Work to complete: From the line containing "HFOV 51.8°. Could" to the last line of the data, both included, transcribe each line exactly, leaving out pictures and adding nothing.

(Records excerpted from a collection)
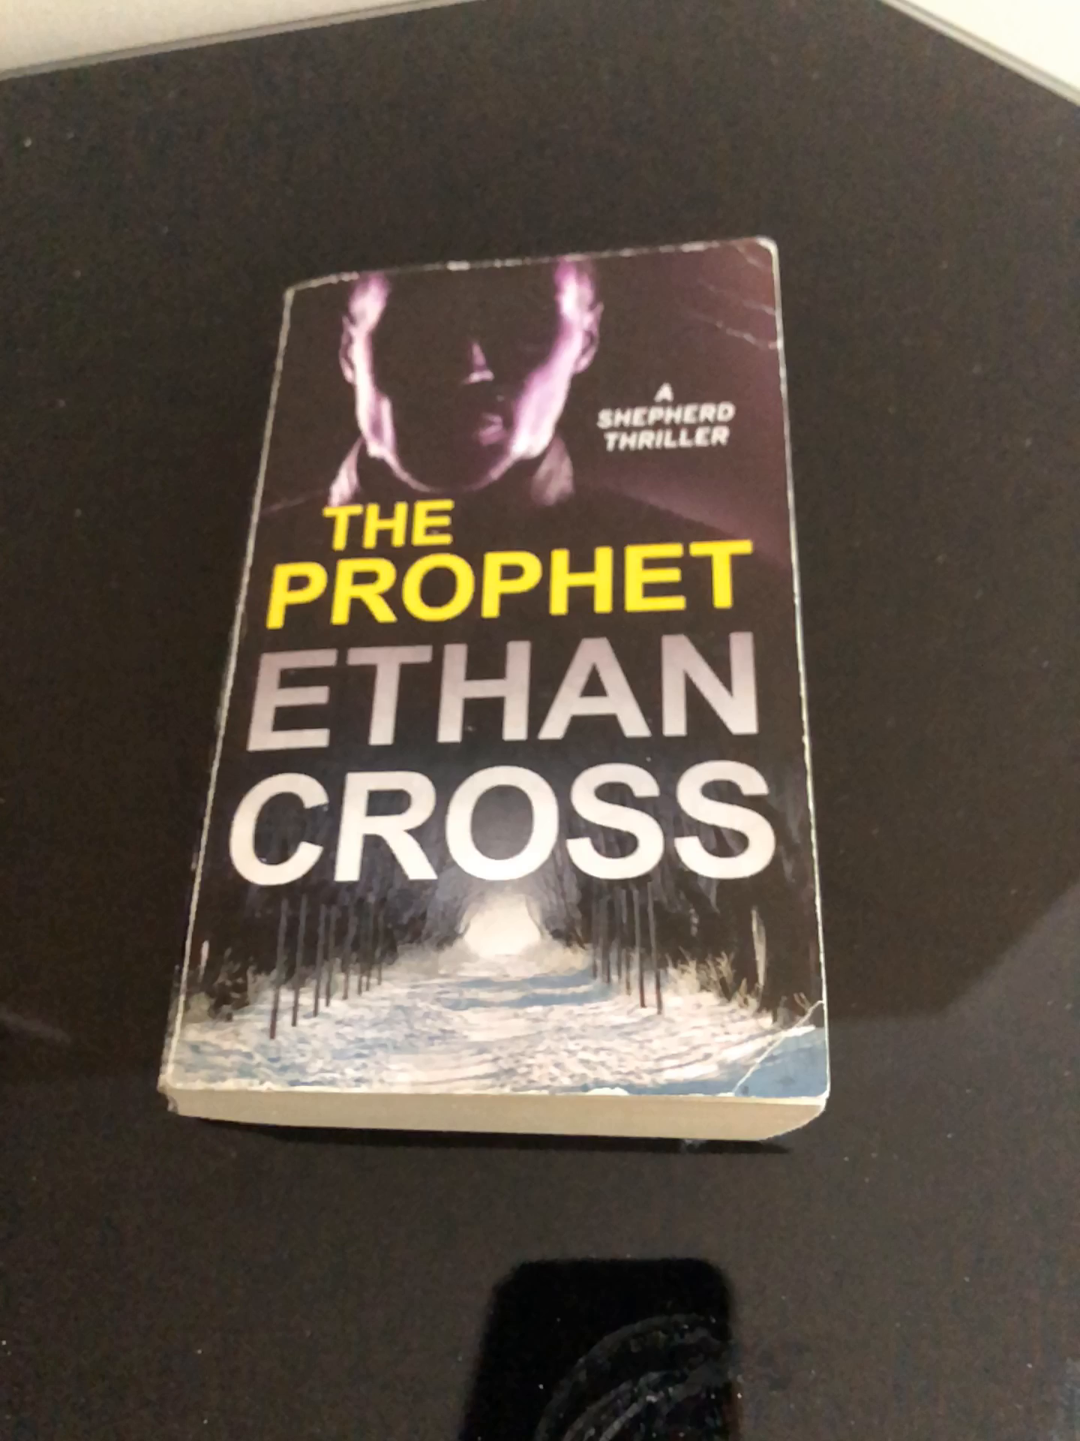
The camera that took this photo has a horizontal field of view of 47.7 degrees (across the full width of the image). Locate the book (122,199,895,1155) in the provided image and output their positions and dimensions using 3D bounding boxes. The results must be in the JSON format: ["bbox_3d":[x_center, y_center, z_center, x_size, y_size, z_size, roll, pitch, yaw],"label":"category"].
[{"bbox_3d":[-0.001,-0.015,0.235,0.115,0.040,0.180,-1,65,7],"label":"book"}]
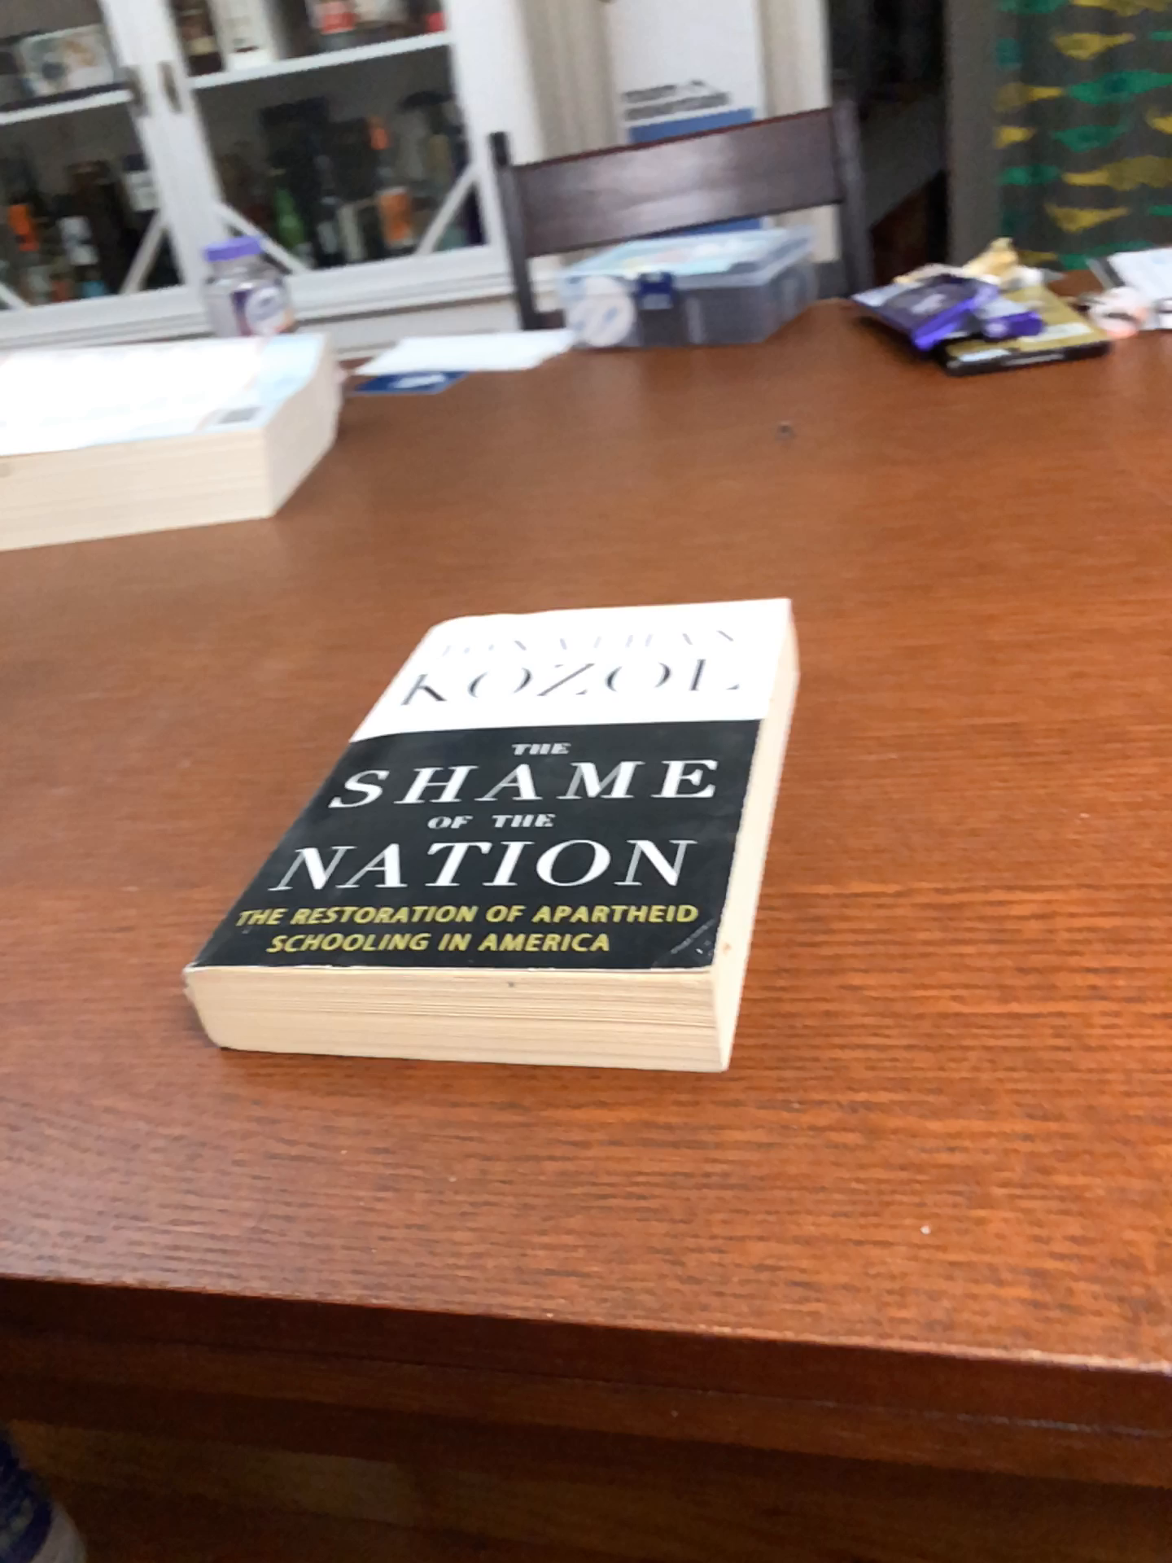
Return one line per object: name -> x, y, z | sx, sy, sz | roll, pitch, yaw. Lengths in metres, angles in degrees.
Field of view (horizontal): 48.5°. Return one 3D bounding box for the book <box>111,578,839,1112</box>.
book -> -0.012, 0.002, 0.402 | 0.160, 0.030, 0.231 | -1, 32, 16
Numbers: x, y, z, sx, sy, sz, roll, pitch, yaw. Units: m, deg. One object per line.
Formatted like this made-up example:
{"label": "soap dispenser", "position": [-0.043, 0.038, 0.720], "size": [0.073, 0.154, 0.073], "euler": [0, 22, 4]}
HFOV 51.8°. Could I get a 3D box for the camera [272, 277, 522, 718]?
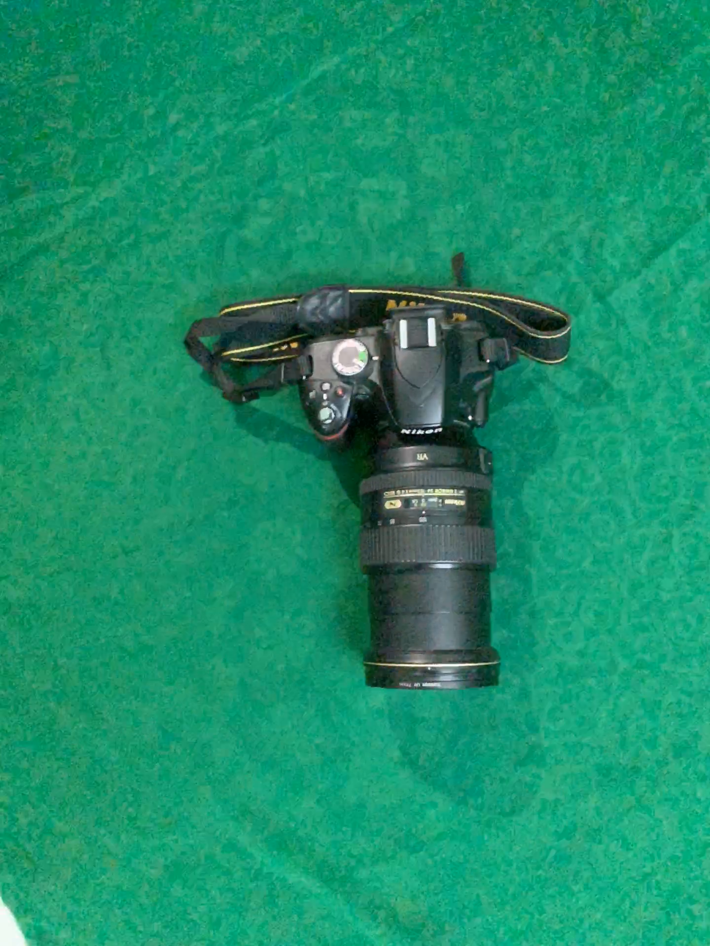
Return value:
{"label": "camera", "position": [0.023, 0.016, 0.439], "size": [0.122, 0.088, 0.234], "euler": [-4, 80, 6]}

Problem solution:
HFOV 51.8°. Could I get a 3D box for the camera [272, 277, 522, 718]?
Return value:
{"label": "camera", "position": [0.023, 0.016, 0.439], "size": [0.122, 0.088, 0.234], "euler": [-4, 80, 6]}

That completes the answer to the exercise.